Spitfire will probably have a Wishlist sale in May that will give you 40% off the price if you put it on your wishlist. 

Not trying to push you in any direction. Just if you decide you like it but it is too expensive, wishlist time will drop the price a lot.


----------



## Heartii (Apr 27, 2020)

Hollywood percussion if you want good stuff for a great price, i also have metropolis ark 3 with a tremendous amount of percussion up to 9 dynamic layers per instrument but it's expensive.


----------



## DivingInSpace (Apr 27, 2020)

I am interested in getting some good orchestral percussion as well at some point. Any thoughts on spitfire percussion vs cineperc?


----------



## Heartii (Apr 27, 2020)

DivingInSpace said:


> I am interested in getting some good orchestral percussion as well at some point. Any thoughts on spitfire percussion vs cineperc?

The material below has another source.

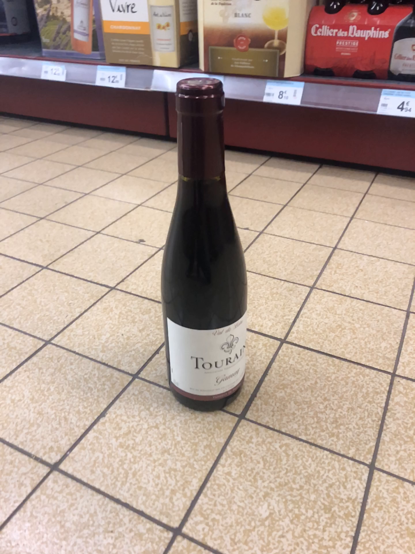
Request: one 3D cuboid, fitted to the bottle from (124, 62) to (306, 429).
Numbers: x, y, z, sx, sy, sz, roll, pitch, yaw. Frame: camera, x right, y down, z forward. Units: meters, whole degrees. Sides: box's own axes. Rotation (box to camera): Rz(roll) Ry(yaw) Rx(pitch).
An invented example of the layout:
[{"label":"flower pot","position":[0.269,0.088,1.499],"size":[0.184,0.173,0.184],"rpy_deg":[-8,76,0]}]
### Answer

I personally don't like cineperc but spitfire products are great, i like zimmer perc a lot.


----------



## MichaelVakili (Apr 27, 2020)

Zimmer perc, Soundirons Apocalypse, Strikeforce and Action Strikes. Also I want to put honorable mention In Session Audio's perc libraries.


----------



## theStyg (Apr 27, 2020)

The all-purpose percussion I keep going back to is Impact Soundworks' Rhapsody Orchestral Percussion. Here's Cory Pelizzari's video 

Also, Versilian Studio's Chamber Orchestra 2 has a super underrated set of percussion instruments.


----------



## Pantonal (Apr 27, 2020)

Thanks for bringing up Rhapsody, I saw that it has something like 10 dynamic layers and 5 round robins per note. How does Rhapsody compare to HWP and Spitfire HZP? I think Cineperc is a bit out of my price range. I'd only consider HZP on sale.

I saw in another older thread some discussion of actual sound. The Cineperc timpani was referred to as splashy (is that a technical term). OT sells their timpani separately, but I'm not looking (at this point) for anything particularly off center or extended. Curious about HWP sound vs. Rhapsody.


----------



## jamwerks (Apr 27, 2020)

True Strike not in the same league as most of the other options imo.


----------



## dzilizzi (Apr 27, 2020)

Rhapsody is good for some things and not so good for others. I have HWP which I really haven't tried. HZP which is interesting, but doesn't have all of what you would consider the orchestral percussion section. Spitfire JB Perc has all your standard and not so standard percussion instruments. I haven't really played with Cineperc yet.


----------



## theStyg (Apr 27, 2020)

Pantonal said:


> Thanks for bringing up Rhapsody, I saw that it has something like 10 dynamic layers and 5 round robins per note. How does Rhapsody compare to HWP and Spitfire HZP? I think Cineperc is a bit out of my price range. I'd only consider HZP on sale.
> 
> I saw in another older thread some discussion of actual sound. The Cineperc timpani was referred to as splashy (is that a technical term). OT sells their timpani separately, but I'm not looking (at this point) for anything particularly off center or extended. Curious about HWP sound vs. Rhapsody.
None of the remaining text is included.